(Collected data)
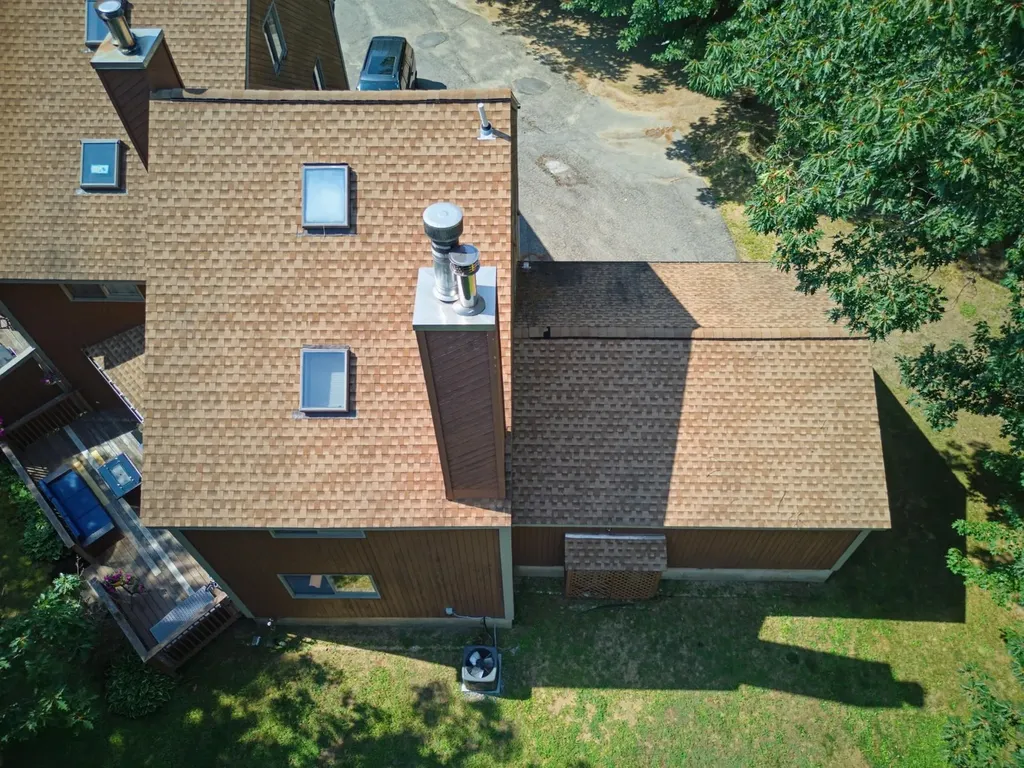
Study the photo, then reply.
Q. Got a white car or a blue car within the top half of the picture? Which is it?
blue car
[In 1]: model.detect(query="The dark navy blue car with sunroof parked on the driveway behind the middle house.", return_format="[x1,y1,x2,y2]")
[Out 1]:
[360,39,417,87]
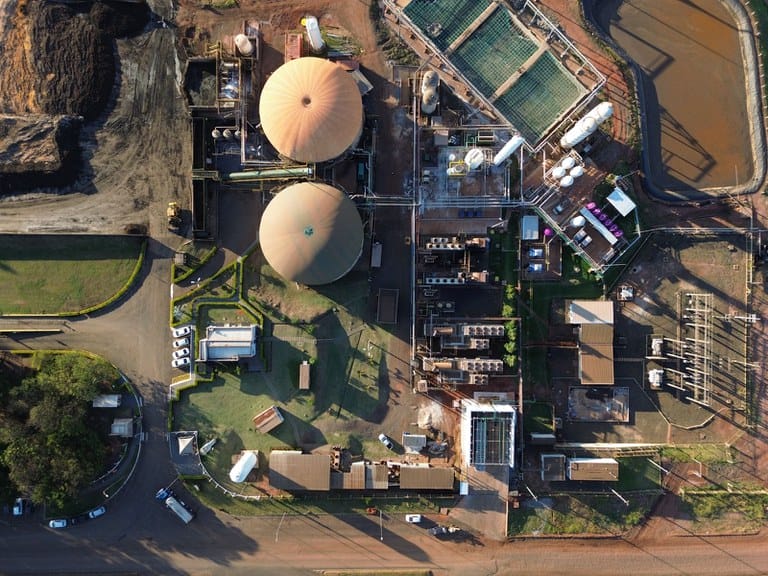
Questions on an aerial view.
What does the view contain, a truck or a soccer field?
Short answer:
truck
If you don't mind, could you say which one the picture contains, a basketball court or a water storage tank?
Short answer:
water storage tank
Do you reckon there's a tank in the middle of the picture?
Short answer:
Yes
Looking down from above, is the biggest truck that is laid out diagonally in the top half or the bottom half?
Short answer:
bottom
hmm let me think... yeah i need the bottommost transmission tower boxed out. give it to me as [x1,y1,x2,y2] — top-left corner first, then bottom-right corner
[730,358,761,373]
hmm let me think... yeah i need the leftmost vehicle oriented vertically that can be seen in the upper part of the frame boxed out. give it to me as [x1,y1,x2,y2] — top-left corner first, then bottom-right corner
[167,202,182,231]
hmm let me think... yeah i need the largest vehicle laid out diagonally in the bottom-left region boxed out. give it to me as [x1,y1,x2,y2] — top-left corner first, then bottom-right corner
[152,483,195,524]
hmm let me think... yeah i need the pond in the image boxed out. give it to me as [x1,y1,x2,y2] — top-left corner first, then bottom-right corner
[581,0,762,202]
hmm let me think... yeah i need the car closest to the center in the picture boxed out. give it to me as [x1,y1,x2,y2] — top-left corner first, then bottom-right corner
[378,430,394,448]
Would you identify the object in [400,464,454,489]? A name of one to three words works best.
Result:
building
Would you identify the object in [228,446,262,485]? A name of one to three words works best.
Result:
water tank
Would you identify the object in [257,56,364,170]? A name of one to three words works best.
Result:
storage tank
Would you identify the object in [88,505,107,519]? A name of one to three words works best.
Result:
car
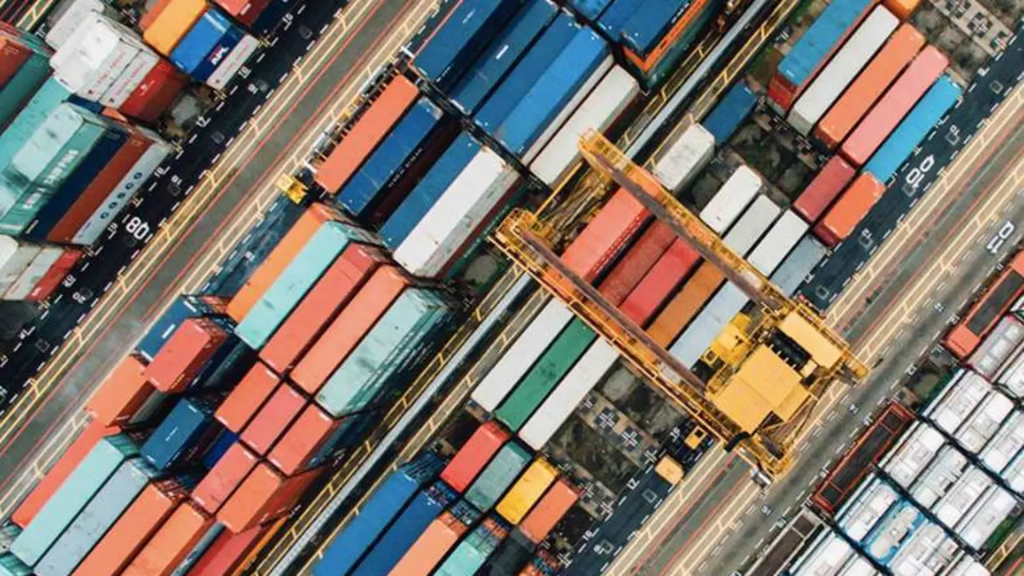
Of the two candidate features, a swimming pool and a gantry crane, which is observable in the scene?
gantry crane
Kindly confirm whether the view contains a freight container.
Yes
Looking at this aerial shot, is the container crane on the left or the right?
right
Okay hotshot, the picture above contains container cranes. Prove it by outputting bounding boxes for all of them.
[487,121,872,502]
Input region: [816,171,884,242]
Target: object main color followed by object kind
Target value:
orange shipping container
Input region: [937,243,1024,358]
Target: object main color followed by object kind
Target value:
red shipping container
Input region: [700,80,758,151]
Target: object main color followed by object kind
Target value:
blue shipping container
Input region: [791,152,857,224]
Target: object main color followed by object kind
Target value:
red shipping container
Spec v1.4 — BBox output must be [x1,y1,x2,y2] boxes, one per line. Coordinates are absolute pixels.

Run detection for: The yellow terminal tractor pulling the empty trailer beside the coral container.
[278,153,327,199]
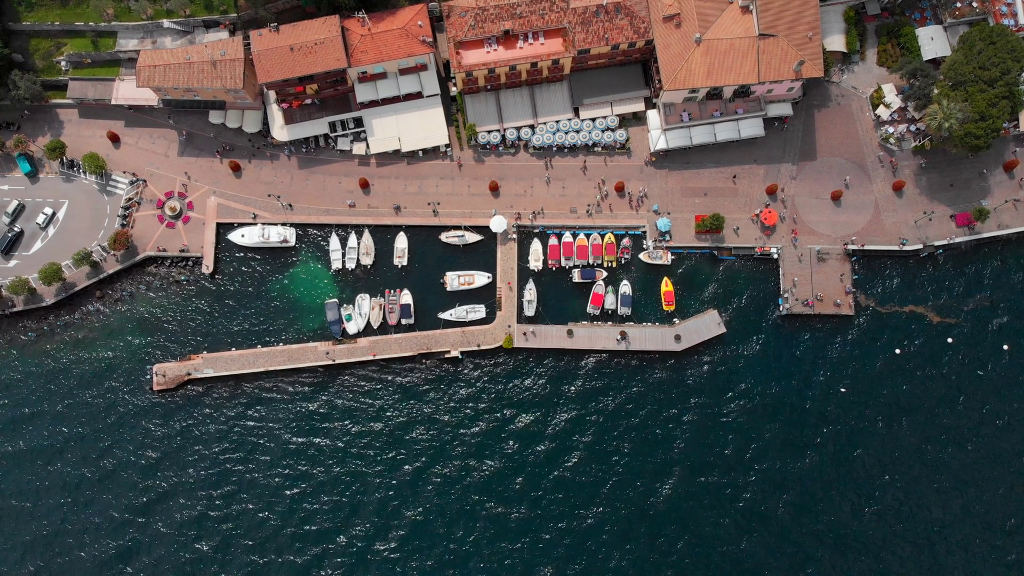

— Required action —
There should be an exact restatement of the lines from the line with "Input region: [791,152,857,224]" through the last line of the entries above, and no pictures in it.

— Solved problem —
Input region: [791,152,857,224]
Target: object main color followed by object kind
Target value:
red shipping container
Spec v1.4 — BBox output must be [x1,y1,x2,y2] boxes, one per line. Coordinates are absolute pixels.

Run detection for: The yellow terminal tractor pulling the empty trailer beside the coral container.
[278,153,327,199]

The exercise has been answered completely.